### [REQUIRED ACTION]
Please restate each line of the data that follows word for word, skipping any image.

=== EXCERPTED RECORDS ===

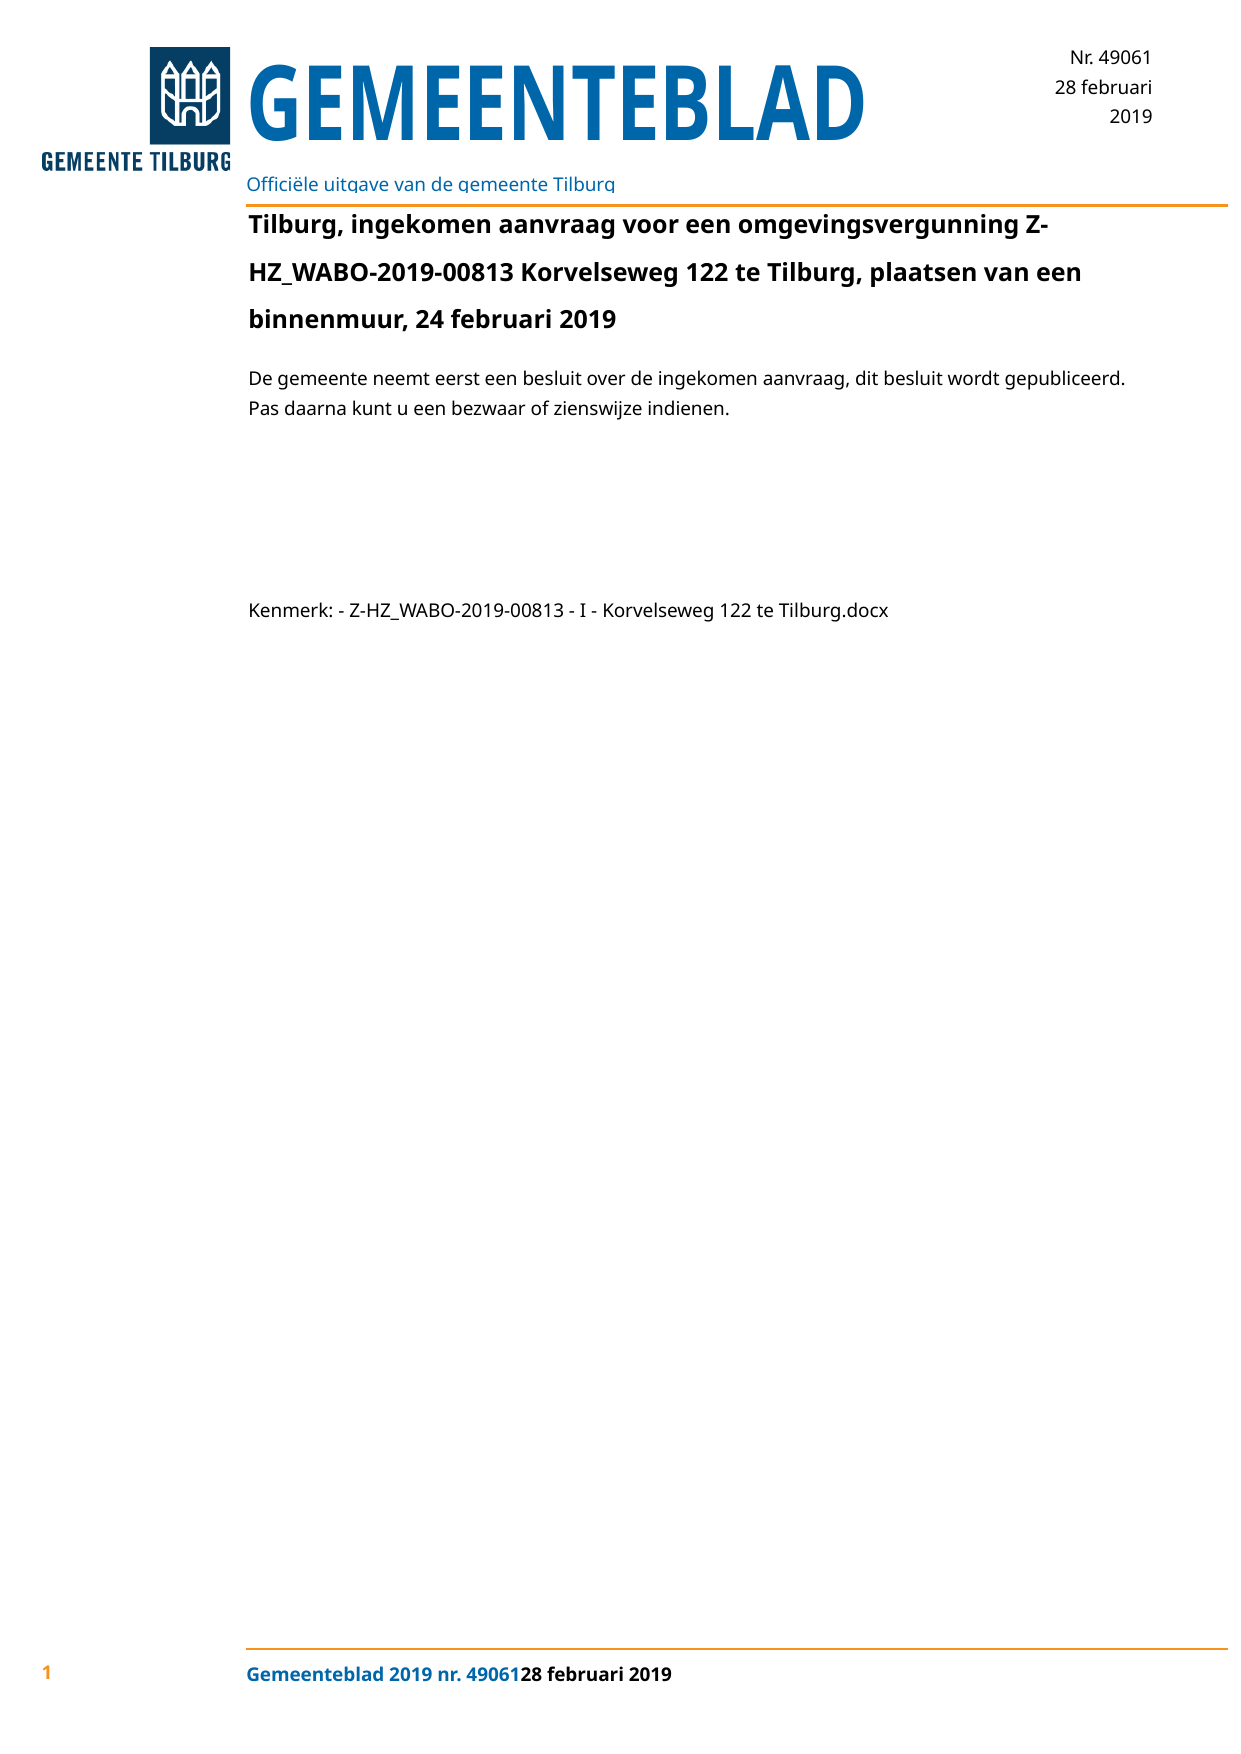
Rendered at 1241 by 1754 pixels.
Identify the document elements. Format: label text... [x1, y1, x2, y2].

text De gemeente neemt eerst een besluit over de ingekomen aanvraag, dit besluit wordt gepubliceerd. Pas daarna kunt u een bezwaar of zienswijze indienen. [248, 366, 1152, 421]
text Kenmerk: - Z-HZ_WABO-2019-00813 - I - Korvelseweg 122 te Tilburg.docx [248, 597, 1152, 622]
text Tilburg, ingekomen aanvraag voor een omgevingsvergunning Z-HZ_WABO-2019-00813 Korvelseweg 122 te Tilburg, plaatsen van een binnenmuur, 24 februari 2019 [248, 207, 1152, 336]
picture [41, 47, 231, 172]
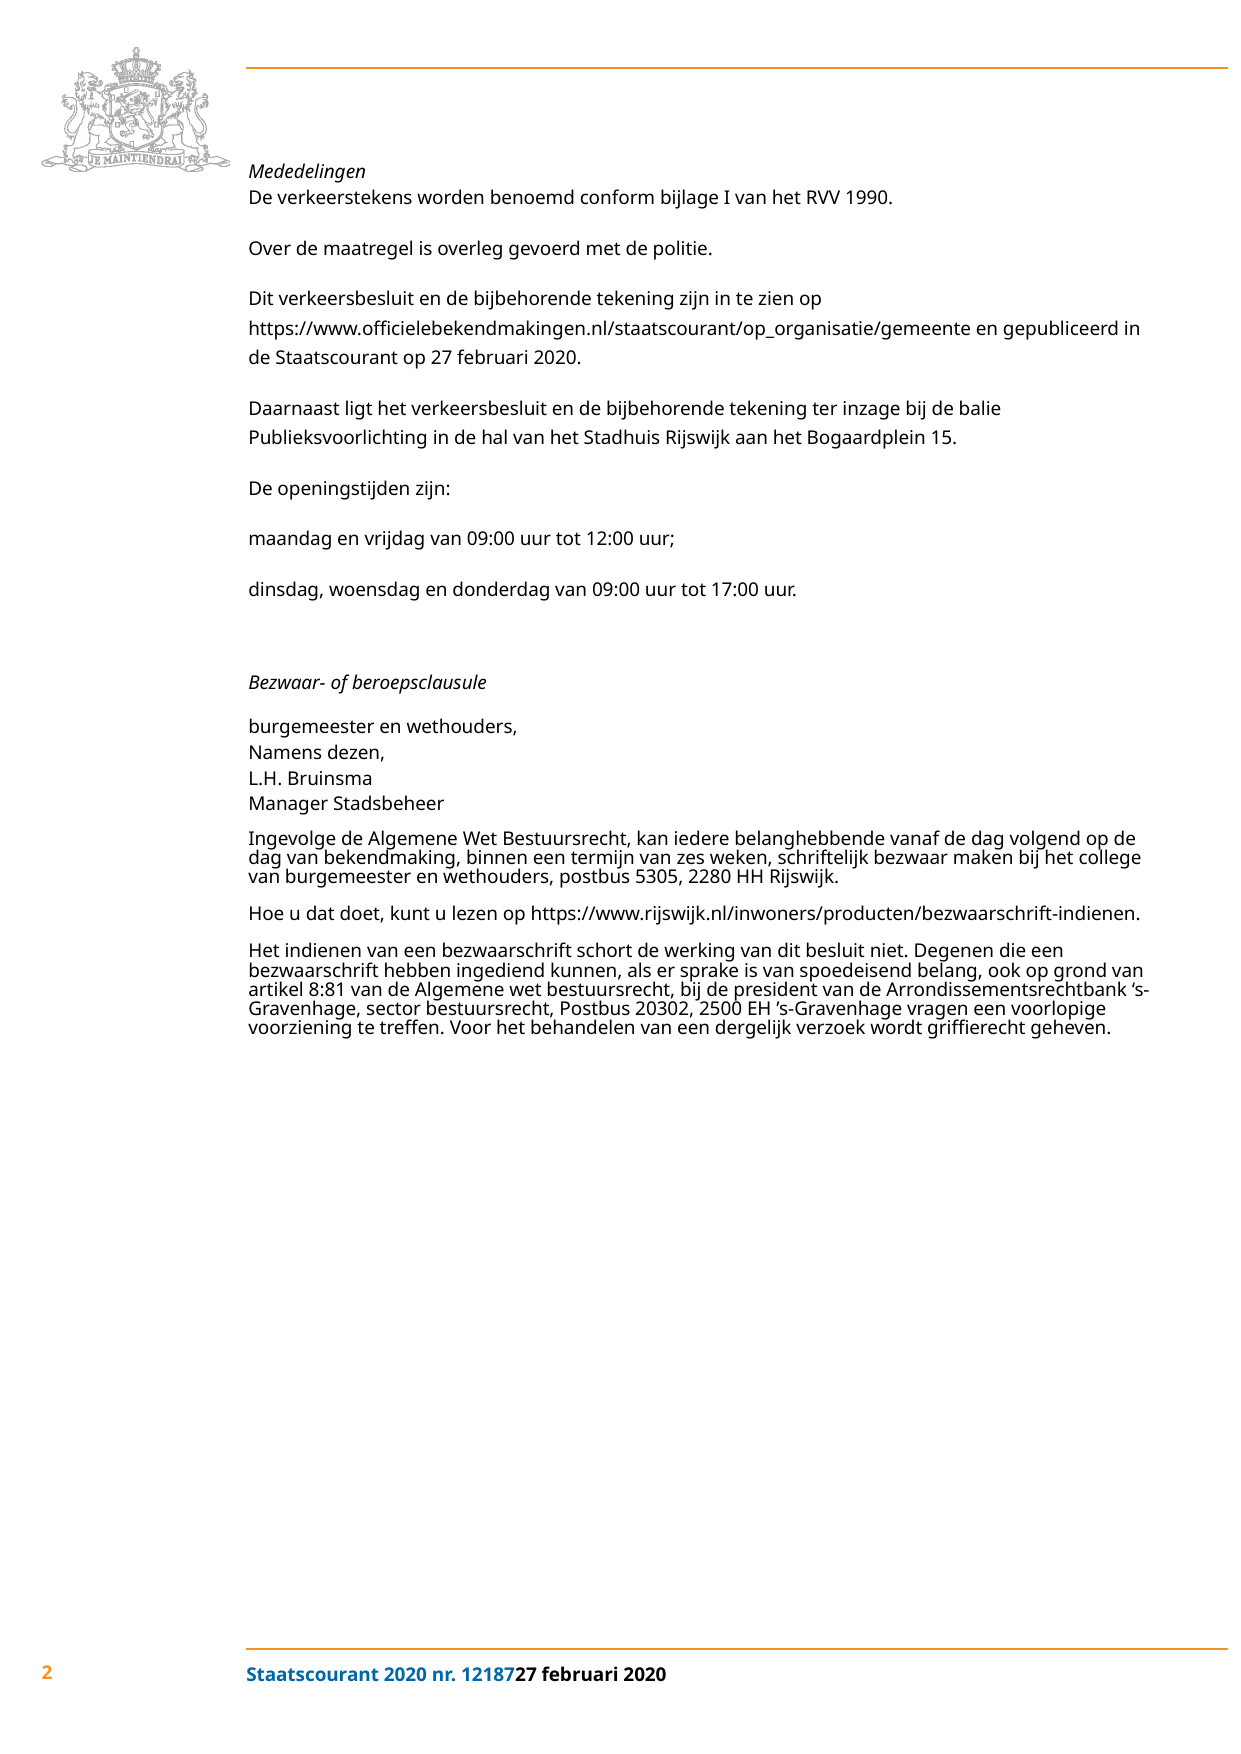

===

### [ANSWER AREA]
Rendered at 1241 by 1754 pixels.
Identify the document elements. Format: label text... [x1, y1, x2, y2].

text De gemeente neemt eerst een besluit over de ingekomen aanvraag, dit besluit wordt gepubliceerd. Pas daarna kunt u een bezwaar of zienswijze indienen. [248, 366, 1152, 421]
text Kenmerk: - Z-HZ_WABO-2019-00813 - I - Korvelseweg 122 te Tilburg.docx [248, 597, 1152, 622]
text Tilburg, ingekomen aanvraag voor een omgevingsvergunning Z-HZ_WABO-2019-00813 Korvelseweg 122 te Tilburg, plaatsen van een binnenmuur, 24 februari 2019 [248, 207, 1152, 336]
picture [41, 47, 231, 172]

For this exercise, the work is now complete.